Block 52 also requires a business rule input. With reference again to the foregoing example, the business rule may include a manufacturer's part number for the component, a name commonly associated with the component, or any other well-defined description of the part. The one or more business rules are then stored in the business rule information 25 within the storage location 26 of FIG. 2.
At block 54, the at least one data structure 22 selected in block 52 is processed according to a first of the selected business rules stored in the business rule information 25 to generate referential document links between the at least one data structure 22 and the first of the selected business rules. At block 56, the links generated at block 54 are stored in a corresponding portion of the database 22 of FIG. 2. The links stored at block 56 may be of any form operable to form a desired association, such as a pointer to another record, or a hotspot, but in one particular embodiment, the referential document links are hyperlinks configured to link portions of hypertext documents.
At block 58, the method 50 determines if all of the selected data structures 22 have been processed. If not, a next one of the selected data structures 22 is transferred to the processor 21 for processing according to the selected business rules stored in the business rule information 25, as shown at block 60. If all of the data structures 22 have been processed, the method terminates at block 62.

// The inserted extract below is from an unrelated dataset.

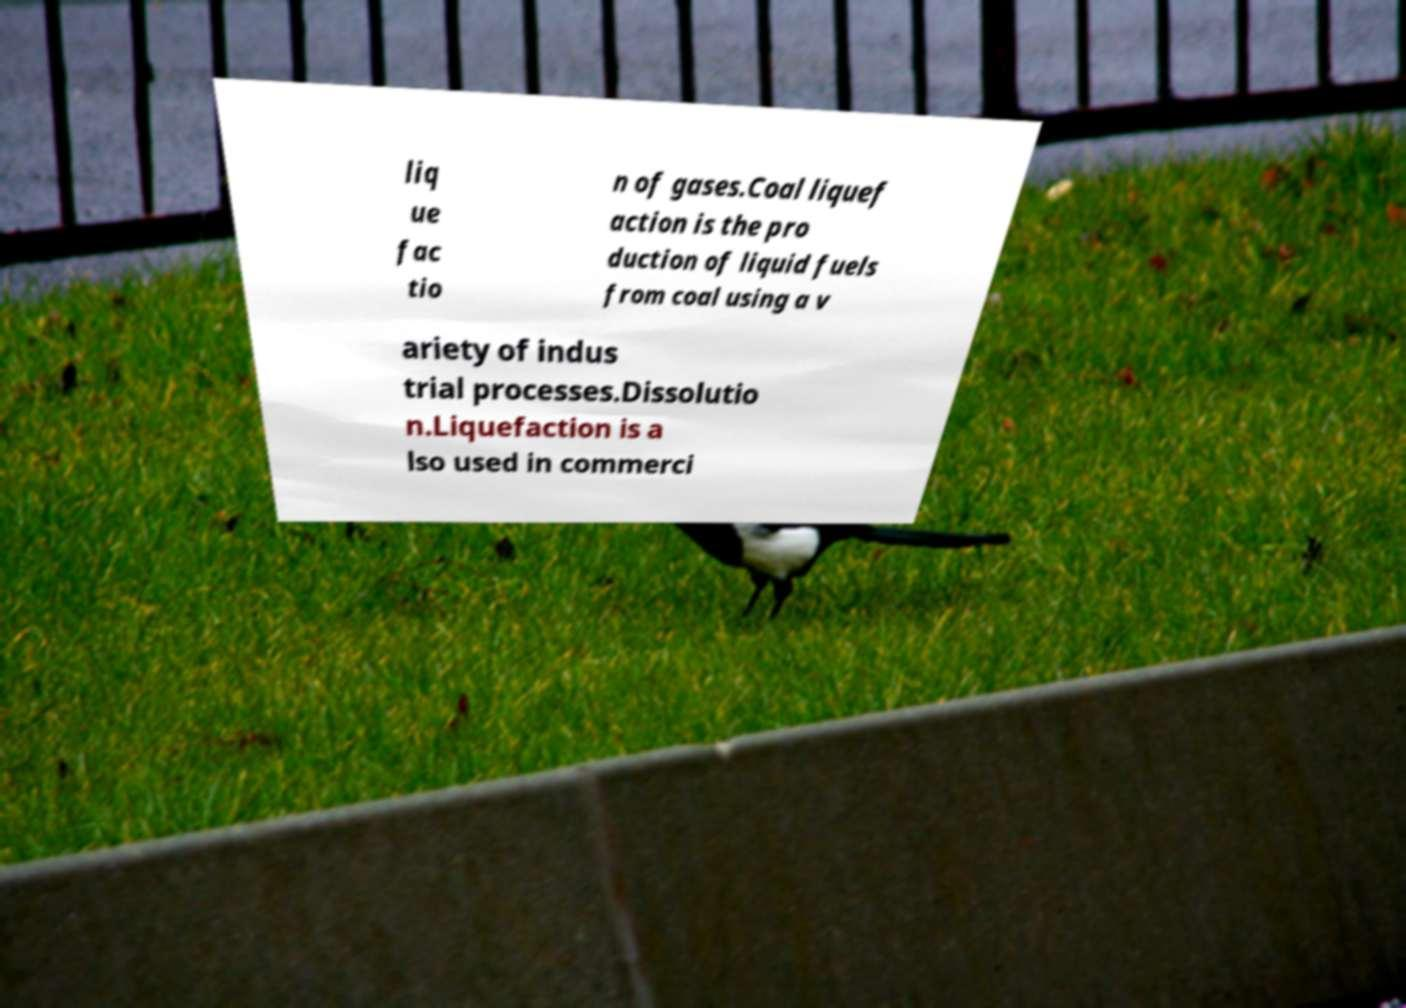Could you assist in decoding the text presented in this image and type it out clearly? liq ue fac tio n of gases.Coal liquef action is the pro duction of liquid fuels from coal using a v ariety of indus trial processes.Dissolutio n.Liquefaction is a lso used in commerci

In the method 50, the data structures 22 are processed sequentially. It is understood, however, that the data structures 22 may also be processed in parallel, which may advantageously accelerate the processing of the data structures 22 Further, it is understood that the selected business rules may be processed according to logical constraints. For example, the business rules may be logically related by various Boolean relations well known in the art, so that the data structures 22 may be processed according to the logically-related rules. For example, it may be desirable to process the data structures 22 by forming referential links according to one business rule while at the same time, specifically excluding another business rule (e.g., through the imposition of a .not. logical constraint). Similarly, it may be desired to form the links through a logical combination of more than one business rule, so that more than a single business rule must be present in the data structure 22 (e.g., through the imposition of an .and. logical constraint).
While preferred and alternate embodiments of the invention have been illustrated and described, as noted above, many changes can be made without departing from the spirit and scope of the invention. Accordingly, the scope of the invention is not limited by the disclosure of these preferred and alternate embodiments. Instead, the invention should be determined entirely by reference to the claims that follow.